A limitation of the present meta-analysis was that it was not possible to effectively assess the impact of age or education as moderators despite the likelihood that these variables would be related to cognitive outcomes. There was limited range of the mean age of the ADT groups across studies (range = 62.1 to 78.0) and inconsistent matching of control groups on this variable made it difficult to evaluate the impact of age. Regarding education, we encountered a similar problem of inconsistently matched comparison groups across studies and also the difficulty of comparing studies within and outside of the USA given the differences in educational standards internationally. Another limitation was the lack of information about the treatments previously received by the prostate cancer control groups; few studies included details about prior or ongoing treatments and those that did revealed potentially heterogeneous comparison treatment groups within the control group. Future research should more carefully describe and define patient comparison groups. An additional limitation was the limited length of follow-up evaluations in the current meta-analysis. We found that the effects of ADT on cognition may dissipate as time progresses, but future studies are needed to evaluate long-term effects after 9 months. Finally, an additional limitation was that most studies did not include sufficient details about the administration of ADT to detect if there was an effect of intermittent administration versus continuous, or between pharmacological and surgical ADT. Data for all the studies included in this meta-analysis were from patients who were administered ADT continuously prior to the follow-up assessment, so it could not be determined if there are potentially reversible changes in cognition when ADT is discontinued.

In summary, results from the current meta-analysis suggest that ADT-related deficits may occur in visuomotor tasks rather than visuospatial tasks without a motor component.

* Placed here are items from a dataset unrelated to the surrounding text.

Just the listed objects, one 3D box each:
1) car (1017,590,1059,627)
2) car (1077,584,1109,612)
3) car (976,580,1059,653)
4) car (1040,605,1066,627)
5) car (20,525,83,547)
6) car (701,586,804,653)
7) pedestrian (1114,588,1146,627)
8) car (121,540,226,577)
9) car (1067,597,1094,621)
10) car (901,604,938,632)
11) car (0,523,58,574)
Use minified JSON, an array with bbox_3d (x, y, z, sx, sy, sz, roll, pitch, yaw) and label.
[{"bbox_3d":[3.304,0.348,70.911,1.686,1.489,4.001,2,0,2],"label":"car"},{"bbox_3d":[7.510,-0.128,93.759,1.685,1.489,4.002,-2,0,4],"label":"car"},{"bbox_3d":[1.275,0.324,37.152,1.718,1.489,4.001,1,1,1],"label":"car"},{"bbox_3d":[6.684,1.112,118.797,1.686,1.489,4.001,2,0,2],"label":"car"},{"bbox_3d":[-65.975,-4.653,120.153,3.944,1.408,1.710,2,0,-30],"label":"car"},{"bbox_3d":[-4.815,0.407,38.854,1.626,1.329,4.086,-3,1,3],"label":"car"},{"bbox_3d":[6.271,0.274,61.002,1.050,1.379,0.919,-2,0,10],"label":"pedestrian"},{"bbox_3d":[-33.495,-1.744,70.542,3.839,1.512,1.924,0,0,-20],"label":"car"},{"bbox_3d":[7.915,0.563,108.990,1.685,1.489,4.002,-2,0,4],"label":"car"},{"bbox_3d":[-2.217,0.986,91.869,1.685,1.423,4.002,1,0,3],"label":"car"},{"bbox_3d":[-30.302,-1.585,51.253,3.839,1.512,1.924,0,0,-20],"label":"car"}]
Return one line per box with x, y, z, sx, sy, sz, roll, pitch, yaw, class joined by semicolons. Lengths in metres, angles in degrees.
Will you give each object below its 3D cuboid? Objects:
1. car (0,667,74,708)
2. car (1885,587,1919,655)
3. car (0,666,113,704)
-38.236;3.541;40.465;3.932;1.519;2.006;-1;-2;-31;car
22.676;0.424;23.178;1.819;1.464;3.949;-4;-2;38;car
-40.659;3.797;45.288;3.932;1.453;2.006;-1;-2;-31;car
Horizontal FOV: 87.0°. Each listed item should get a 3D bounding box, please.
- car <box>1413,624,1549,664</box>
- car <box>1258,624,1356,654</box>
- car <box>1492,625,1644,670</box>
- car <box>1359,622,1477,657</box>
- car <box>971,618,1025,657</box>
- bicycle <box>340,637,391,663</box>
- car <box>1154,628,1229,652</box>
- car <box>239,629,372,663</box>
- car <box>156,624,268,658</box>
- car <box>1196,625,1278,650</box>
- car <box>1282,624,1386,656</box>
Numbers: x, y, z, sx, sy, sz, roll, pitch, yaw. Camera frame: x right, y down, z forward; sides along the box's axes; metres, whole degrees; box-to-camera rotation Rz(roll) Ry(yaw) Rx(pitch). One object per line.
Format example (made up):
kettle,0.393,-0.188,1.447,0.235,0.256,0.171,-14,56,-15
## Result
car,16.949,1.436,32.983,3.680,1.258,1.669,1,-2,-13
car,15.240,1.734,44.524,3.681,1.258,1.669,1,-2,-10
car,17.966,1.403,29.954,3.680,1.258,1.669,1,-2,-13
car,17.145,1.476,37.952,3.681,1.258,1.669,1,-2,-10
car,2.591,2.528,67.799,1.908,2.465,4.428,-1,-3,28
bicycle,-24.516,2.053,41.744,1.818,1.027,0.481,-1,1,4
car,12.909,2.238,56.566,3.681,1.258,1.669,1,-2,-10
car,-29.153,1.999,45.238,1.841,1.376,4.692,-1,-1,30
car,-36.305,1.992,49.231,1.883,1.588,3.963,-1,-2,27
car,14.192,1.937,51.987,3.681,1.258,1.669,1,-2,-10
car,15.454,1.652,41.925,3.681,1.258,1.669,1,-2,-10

It is unclear whether these deficits are primarily motor in nature and related loss of muscle mass secondary to ADT [32, 33] or whether spatial aspects of these tasks are negatively affected by ADT, as suggested by previous literature linking testosterone to visuospatial skill [8, 9]. Future studies should include tasks that evaluate visuospatial skills with and without a motor component as well as tasks of motor speed. Clinically, this meta-analysis suggests that patients can expect cognitive functioning after initiation of ADT to be similar in many respects to that prior to ADT. With the exception of visuomotor skills, cognitive functioning will be comparable on average to prostate cancer patients without ADT and men without cancer. This information may aid patients considering treatment options for prostate cancer and provides a more comprehensive understanding of the likely side effects of ADT.